# [Your objective]
Leaving nothing out, set down all the data exactly.

# [Data shown]
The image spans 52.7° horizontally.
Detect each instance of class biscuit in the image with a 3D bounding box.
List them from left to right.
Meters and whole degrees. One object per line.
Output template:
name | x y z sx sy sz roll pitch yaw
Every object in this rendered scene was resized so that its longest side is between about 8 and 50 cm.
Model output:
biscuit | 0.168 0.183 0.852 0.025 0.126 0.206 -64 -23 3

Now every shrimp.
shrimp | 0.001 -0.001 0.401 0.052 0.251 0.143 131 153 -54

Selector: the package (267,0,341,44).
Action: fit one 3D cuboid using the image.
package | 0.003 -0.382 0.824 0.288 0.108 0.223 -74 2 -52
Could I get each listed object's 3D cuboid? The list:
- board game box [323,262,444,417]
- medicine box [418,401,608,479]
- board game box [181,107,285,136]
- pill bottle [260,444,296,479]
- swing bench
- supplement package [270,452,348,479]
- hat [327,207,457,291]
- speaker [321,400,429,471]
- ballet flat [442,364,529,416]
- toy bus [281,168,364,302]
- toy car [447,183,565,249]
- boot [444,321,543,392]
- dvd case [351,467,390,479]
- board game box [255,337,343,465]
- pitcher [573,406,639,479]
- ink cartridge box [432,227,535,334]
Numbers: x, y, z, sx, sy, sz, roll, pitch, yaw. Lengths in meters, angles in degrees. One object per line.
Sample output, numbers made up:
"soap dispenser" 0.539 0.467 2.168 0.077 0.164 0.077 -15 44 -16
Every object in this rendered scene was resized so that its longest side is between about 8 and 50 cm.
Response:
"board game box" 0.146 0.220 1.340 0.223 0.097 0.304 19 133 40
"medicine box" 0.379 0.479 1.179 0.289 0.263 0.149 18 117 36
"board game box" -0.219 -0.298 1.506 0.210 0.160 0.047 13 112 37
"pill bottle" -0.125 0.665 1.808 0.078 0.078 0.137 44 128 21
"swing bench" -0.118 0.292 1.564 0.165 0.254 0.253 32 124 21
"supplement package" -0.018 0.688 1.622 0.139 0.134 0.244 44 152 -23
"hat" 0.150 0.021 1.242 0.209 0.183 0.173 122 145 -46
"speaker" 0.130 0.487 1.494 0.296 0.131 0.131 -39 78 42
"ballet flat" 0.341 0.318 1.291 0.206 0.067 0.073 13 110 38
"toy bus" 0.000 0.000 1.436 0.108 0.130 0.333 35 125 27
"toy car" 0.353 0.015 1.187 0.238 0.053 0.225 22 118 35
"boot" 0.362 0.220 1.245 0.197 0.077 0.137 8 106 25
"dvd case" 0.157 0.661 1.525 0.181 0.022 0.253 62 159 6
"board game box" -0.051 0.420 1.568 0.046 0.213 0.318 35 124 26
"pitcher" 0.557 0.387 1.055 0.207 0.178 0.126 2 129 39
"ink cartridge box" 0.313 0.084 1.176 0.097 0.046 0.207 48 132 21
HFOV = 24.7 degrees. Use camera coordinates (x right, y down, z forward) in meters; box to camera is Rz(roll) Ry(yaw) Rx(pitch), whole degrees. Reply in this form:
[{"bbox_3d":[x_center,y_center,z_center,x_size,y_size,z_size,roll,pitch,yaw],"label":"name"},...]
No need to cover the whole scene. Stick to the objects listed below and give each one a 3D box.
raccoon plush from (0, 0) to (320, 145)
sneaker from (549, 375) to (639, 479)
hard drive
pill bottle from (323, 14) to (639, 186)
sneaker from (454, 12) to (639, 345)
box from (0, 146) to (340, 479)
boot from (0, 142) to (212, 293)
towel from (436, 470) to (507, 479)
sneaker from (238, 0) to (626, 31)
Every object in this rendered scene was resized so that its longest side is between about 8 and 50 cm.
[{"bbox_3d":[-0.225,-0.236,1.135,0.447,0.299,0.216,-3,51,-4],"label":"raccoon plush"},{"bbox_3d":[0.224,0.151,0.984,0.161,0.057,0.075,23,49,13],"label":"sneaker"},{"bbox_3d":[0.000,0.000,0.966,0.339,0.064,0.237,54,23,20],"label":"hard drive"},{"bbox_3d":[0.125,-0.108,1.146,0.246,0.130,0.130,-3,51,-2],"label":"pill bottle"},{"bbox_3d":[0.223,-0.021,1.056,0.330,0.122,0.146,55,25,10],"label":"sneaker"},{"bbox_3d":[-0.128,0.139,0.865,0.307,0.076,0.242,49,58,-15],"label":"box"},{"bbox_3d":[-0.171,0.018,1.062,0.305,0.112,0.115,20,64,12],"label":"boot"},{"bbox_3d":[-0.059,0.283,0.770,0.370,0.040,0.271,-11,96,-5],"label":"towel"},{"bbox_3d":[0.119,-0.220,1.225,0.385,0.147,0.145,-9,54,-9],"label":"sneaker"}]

# [Solution to this exercise]
The image spans 52.7° horizontally.
Detect each instance of class biscuit in the image with a 3D bounding box.
List them from left to right.
Meters and whole degrees. One object per line.
Output template:
name | x y z sx sy sz roll pitch yaw
Every object in this rendered scene was resized so that its longest side is between about 8 and 50 cm.
Model output:
biscuit | 0.168 0.183 0.852 0.025 0.126 0.206 -64 -23 3

Now every shrimp.
shrimp | 0.001 -0.001 0.401 0.052 0.251 0.143 131 153 -54

Selector: the package (267,0,341,44).
Action: fit one 3D cuboid using the image.
package | 0.003 -0.382 0.824 0.288 0.108 0.223 -74 2 -52
Could I get each listed object's 3D cuboid? The list:
- board game box [323,262,444,417]
- medicine box [418,401,608,479]
- board game box [181,107,285,136]
- pill bottle [260,444,296,479]
- swing bench
- supplement package [270,452,348,479]
- hat [327,207,457,291]
- speaker [321,400,429,471]
- ballet flat [442,364,529,416]
- toy bus [281,168,364,302]
- toy car [447,183,565,249]
- boot [444,321,543,392]
- dvd case [351,467,390,479]
- board game box [255,337,343,465]
- pitcher [573,406,639,479]
- ink cartridge box [432,227,535,334]
Numbers: x, y, z, sx, sy, sz, roll, pitch, yaw. Lengths in meters, angles in degrees. One object per line.
Sample output, numbers made up:
"soap dispenser" 0.539 0.467 2.168 0.077 0.164 0.077 -15 44 -16
Every object in this rendered scene was resized so that its longest side is between about 8 and 50 cm.
Response:
"board game box" 0.146 0.220 1.340 0.223 0.097 0.304 19 133 40
"medicine box" 0.379 0.479 1.179 0.289 0.263 0.149 18 117 36
"board game box" -0.219 -0.298 1.506 0.210 0.160 0.047 13 112 37
"pill bottle" -0.125 0.665 1.808 0.078 0.078 0.137 44 128 21
"swing bench" -0.118 0.292 1.564 0.165 0.254 0.253 32 124 21
"supplement package" -0.018 0.688 1.622 0.139 0.134 0.244 44 152 -23
"hat" 0.150 0.021 1.242 0.209 0.183 0.173 122 145 -46
"speaker" 0.130 0.487 1.494 0.296 0.131 0.131 -39 78 42
"ballet flat" 0.341 0.318 1.291 0.206 0.067 0.073 13 110 38
"toy bus" 0.000 0.000 1.436 0.108 0.130 0.333 35 125 27
"toy car" 0.353 0.015 1.187 0.238 0.053 0.225 22 118 35
"boot" 0.362 0.220 1.245 0.197 0.077 0.137 8 106 25
"dvd case" 0.157 0.661 1.525 0.181 0.022 0.253 62 159 6
"board game box" -0.051 0.420 1.568 0.046 0.213 0.318 35 124 26
"pitcher" 0.557 0.387 1.055 0.207 0.178 0.126 2 129 39
"ink cartridge box" 0.313 0.084 1.176 0.097 0.046 0.207 48 132 21
HFOV = 24.7 degrees. Use camera coordinates (x right, y down, z forward) in meters; box to camera is Rz(roll) Ry(yaw) Rx(pitch), whole degrees. Reply in this form:
[{"bbox_3d":[x_center,y_center,z_center,x_size,y_size,z_size,roll,pitch,yaw],"label":"name"},...]
No need to cover the whole scene. Stick to the objects listed below and give each one a 3D box.
raccoon plush from (0, 0) to (320, 145)
sneaker from (549, 375) to (639, 479)
hard drive
pill bottle from (323, 14) to (639, 186)
sneaker from (454, 12) to (639, 345)
box from (0, 146) to (340, 479)
boot from (0, 142) to (212, 293)
towel from (436, 470) to (507, 479)
sneaker from (238, 0) to (626, 31)
Every object in this rendered scene was resized so that its longest side is between about 8 and 50 cm.
[{"bbox_3d":[-0.225,-0.236,1.135,0.447,0.299,0.216,-3,51,-4],"label":"raccoon plush"},{"bbox_3d":[0.224,0.151,0.984,0.161,0.057,0.075,23,49,13],"label":"sneaker"},{"bbox_3d":[0.000,0.000,0.966,0.339,0.064,0.237,54,23,20],"label":"hard drive"},{"bbox_3d":[0.125,-0.108,1.146,0.246,0.130,0.130,-3,51,-2],"label":"pill bottle"},{"bbox_3d":[0.223,-0.021,1.056,0.330,0.122,0.146,55,25,10],"label":"sneaker"},{"bbox_3d":[-0.128,0.139,0.865,0.307,0.076,0.242,49,58,-15],"label":"box"},{"bbox_3d":[-0.171,0.018,1.062,0.305,0.112,0.115,20,64,12],"label":"boot"},{"bbox_3d":[-0.059,0.283,0.770,0.370,0.040,0.271,-11,96,-5],"label":"towel"},{"bbox_3d":[0.119,-0.220,1.225,0.385,0.147,0.145,-9,54,-9],"label":"sneaker"}]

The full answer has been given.